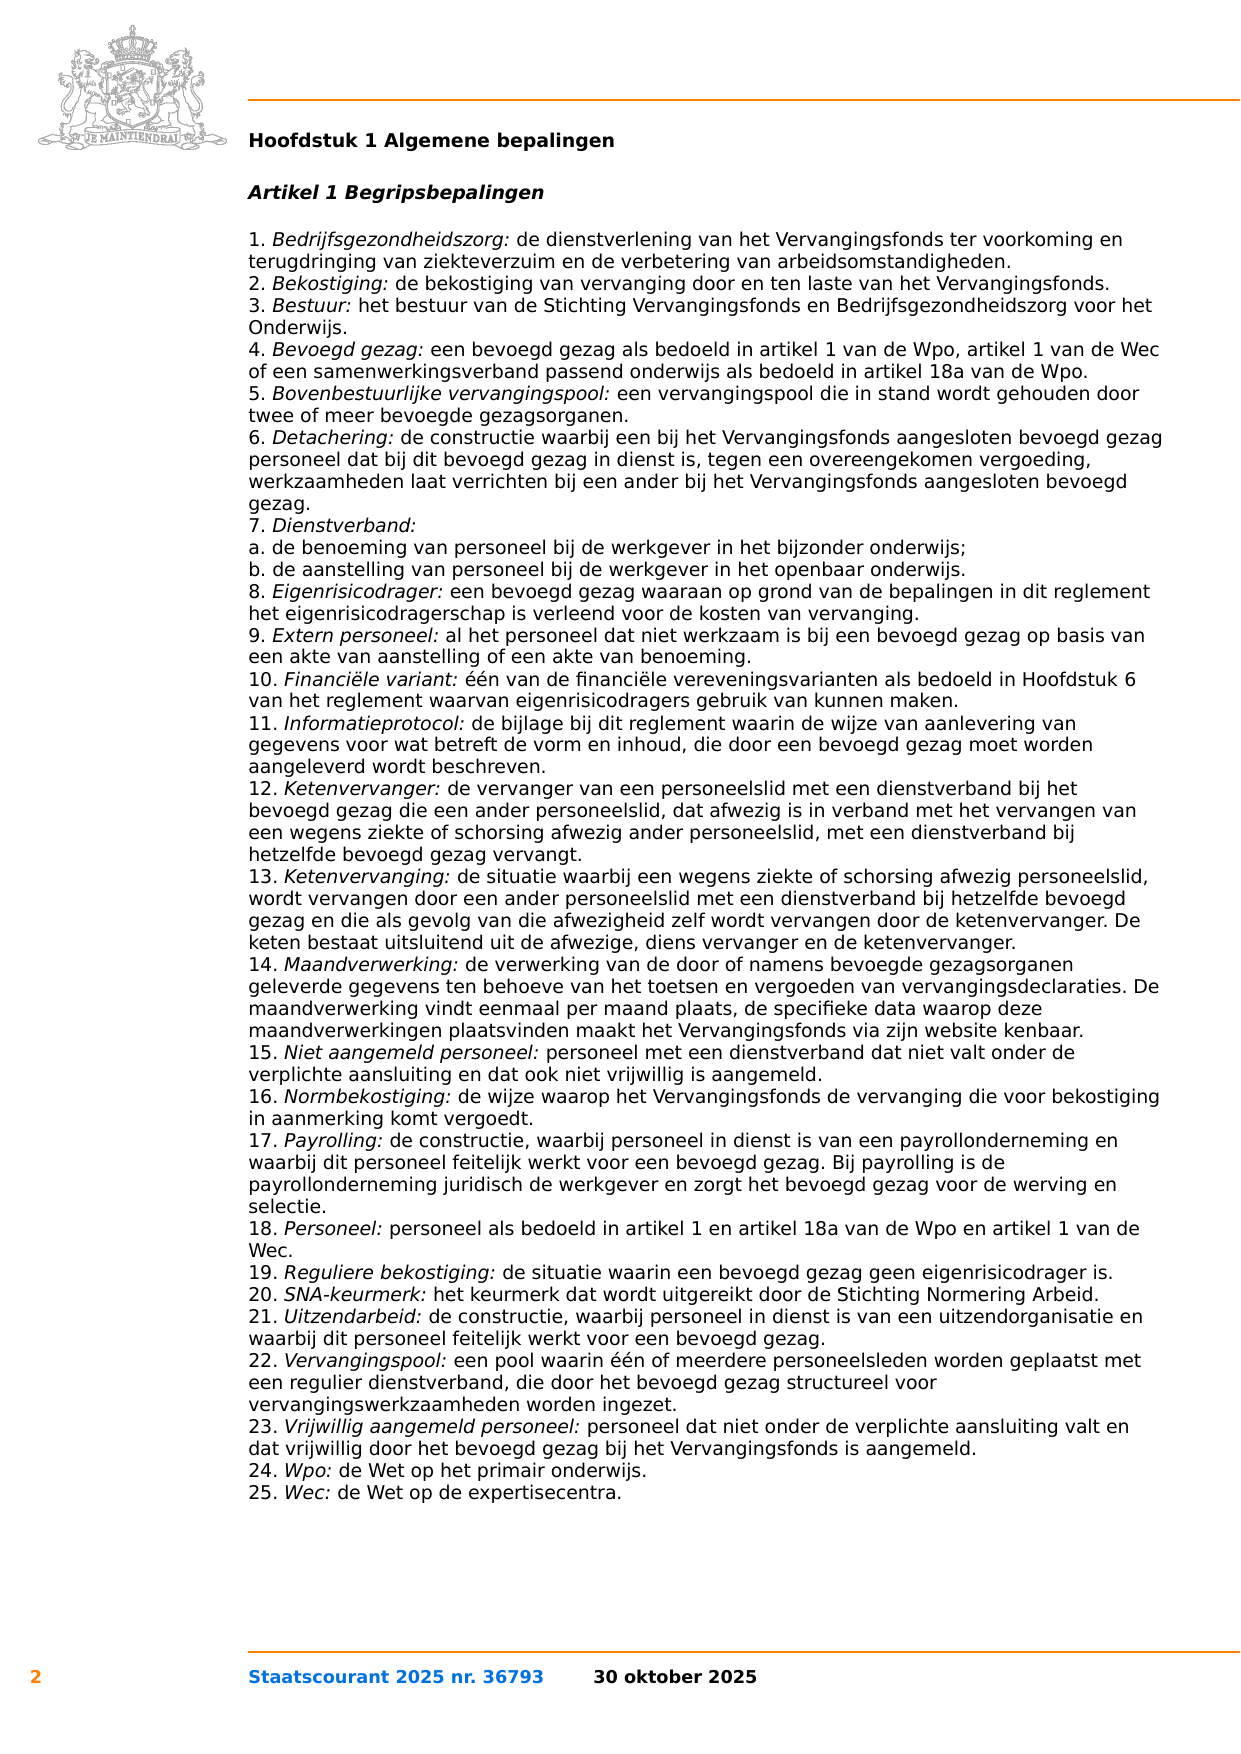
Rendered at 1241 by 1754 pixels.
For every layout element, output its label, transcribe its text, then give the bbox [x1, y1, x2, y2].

subtitle Hoofdstuk 1 Algemene bepalingen [248, 130, 1163, 152]
text 1. Bedrijfsgezondheidszorg: de dienstverlening van het Vervangingsfonds ter voorkoming en terugdringing van ziekteverzuim en de verbetering van arbeidsomstandigheden. [248, 229, 1163, 273]
text 13. Ketenvervanging: de situatie waarbij een wegens ziekte of schorsing afwezig personeelslid, wordt vervangen door een ander personeelslid met een dienstverband bij hetzelfde bevoegd gezag en die als gevolg van die afwezigheid zelf wordt vervangen door de ketenvervanger. De keten bestaat uitsluitend uit de afwezige, diens vervanger en de ketenvervanger. [248, 866, 1163, 954]
text 23. Vrijwillig aangemeld personeel: personeel dat niet onder de verplichte aansluiting valt en dat vrijwillig door het bevoegd gezag bij het Vervangingsfonds is aangemeld. [248, 1416, 1163, 1460]
text a. de benoeming van personeel bij de werkgever in het bijzonder onderwijs; [248, 537, 1163, 558]
text 20. SNA-keurmerk: het keurmerk dat wordt uitgereikt door de Stichting Normering Arbeid. [248, 1284, 1163, 1306]
text 11. Informatieprotocol: de bijlage bij dit reglement waarin de wijze van aanlevering van gegevens voor wat betreft de vorm en inhoud, die door een bevoegd gezag moet worden aangeleverd wordt beschreven. [248, 712, 1163, 778]
text 16. Normbekostiging: de wijze waarop het Vervangingsfonds de vervanging die voor bekostiging in aanmerking komt vergoedt. [248, 1086, 1163, 1130]
text 19. Reguliere bekostiging: de situatie waarin een bevoegd gezag geen eigenrisicodrager is. [248, 1262, 1163, 1284]
text 5. Bovenbestuurlijke vervangingspool: een vervangingspool die in stand wordt gehouden door twee of meer bevoegde gezagsorganen. [248, 383, 1163, 427]
text 2. Bekostiging: de bekostiging van vervanging door en ten laste van het Vervangingsfonds. [248, 273, 1163, 295]
text 25. Wec: de Wet op de expertisecentra. [248, 1482, 1163, 1504]
subtitle Artikel 1 Begripsbepalingen [248, 182, 1163, 204]
text 17. Payrolling: de constructie, waarbij personeel in dienst is van een payrollonderneming en waarbij dit personeel feitelijk werkt voor een bevoegd gezag. Bij payrolling is de payrollonderneming juridisch de werkgever en zorgt het bevoegd gezag voor de werving en selectie. [248, 1130, 1163, 1218]
text 22. Vervangingspool: een pool waarin één of meerdere personeelsleden worden geplaatst met een regulier dienstverband, die door het bevoegd gezag structureel voor vervangingswerkzaamheden worden ingezet. [248, 1350, 1163, 1416]
text 18. Personeel: personeel als bedoeld in artikel 1 en artikel 18a van de Wpo en artikel 1 van de Wec. [248, 1218, 1163, 1262]
text 14. Maandverwerking: de verwerking van de door of namens bevoegde gezagsorganen geleverde gegevens ten behoeve van het toetsen en vergoeden van vervangingsdeclaraties. De maandverwerking vindt eenmaal per maand plaats, de specifieke data waarop deze maandverwerkingen plaatsvinden maakt het Vervangingsfonds via zijn website kenbaar. [248, 954, 1163, 1042]
text 3. Bestuur: het bestuur van de Stichting Vervangingsfonds en Bedrijfsgezondheidszorg voor het Onderwijs. [248, 295, 1163, 339]
text 7. Dienstverband: [248, 514, 1163, 537]
text 9. Extern personeel: al het personeel dat niet werkzaam is bij een bevoegd gezag op basis van een akte van aanstelling of een akte van benoeming. [248, 624, 1163, 668]
text 10. Financiële variant: één van de financiële vereveningsvarianten als bedoeld in Hoofdstuk 6 van het reglement waarvan eigenrisicodragers gebruik van kunnen maken. [248, 668, 1163, 712]
picture [38, 25, 227, 150]
text 15. Niet aangemeld personeel: personeel met een dienstverband dat niet valt onder de verplichte aansluiting en dat ook niet vrijwillig is aangemeld. [248, 1042, 1163, 1086]
text b. de aanstelling van personeel bij de werkgever in het openbaar onderwijs. [248, 558, 1163, 581]
text 4. Bevoegd gezag: een bevoegd gezag als bedoeld in artikel 1 van de Wpo, artikel 1 van de Wec of een samenwerkingsverband passend onderwijs als bedoeld in artikel 18a van de Wpo. [248, 339, 1163, 383]
text 12. Ketenvervanger: de vervanger van een personeelslid met een dienstverband bij het bevoegd gezag die een ander personeelslid, dat afwezig is in verband met het vervangen van een wegens ziekte of schorsing afwezig ander personeelslid, met een dienstverband bij hetzelfde bevoegd gezag vervangt. [248, 778, 1163, 866]
text 6. Detachering: de constructie waarbij een bij het Vervangingsfonds aangesloten bevoegd gezag personeel dat bij dit bevoegd gezag in dienst is, tegen een overeengekomen vergoeding, werkzaamheden laat verrichten bij een ander bij het Vervangingsfonds aangesloten bevoegd gezag. [248, 427, 1163, 514]
text 24. Wpo: de Wet op het primair onderwijs. [248, 1460, 1163, 1482]
text 8. Eigenrisicodrager: een bevoegd gezag waaraan op grond van de bepalingen in dit reglement het eigenrisicodragerschap is verleend voor de kosten van vervanging. [248, 581, 1163, 624]
text 21. Uitzendarbeid: de constructie, waarbij personeel in dienst is van een uitzendorganisatie en waarbij dit personeel feitelijk werkt voor een bevoegd gezag. [248, 1306, 1163, 1350]

━━━━━━━━━━━━━━━━━━━━━━━━━━━━━━

▶ **Exercise prompt**: Search the listing above for the lines with "text 6. Detachering: de" and "text 8. Eigenrisicodrager: een", then output those lines and all lines between them exactly.

▶ **Reply to the exercise**:
text 6. Detachering: de constructie waarbij een bij het Vervangingsfonds aangesloten bevoegd gezag personeel dat bij dit bevoegd gezag in dienst is, tegen een overeengekomen vergoeding, werkzaamheden laat verrichten bij een ander bij het Vervangingsfonds aangesloten bevoegd gezag. [248, 427, 1163, 514]
text 24. Wpo: de Wet op het primair onderwijs. [248, 1460, 1163, 1482]
text 8. Eigenrisicodrager: een bevoegd gezag waaraan op grond van de bepalingen in dit reglement het eigenrisicodragerschap is verleend voor de kosten van vervanging. [248, 581, 1163, 624]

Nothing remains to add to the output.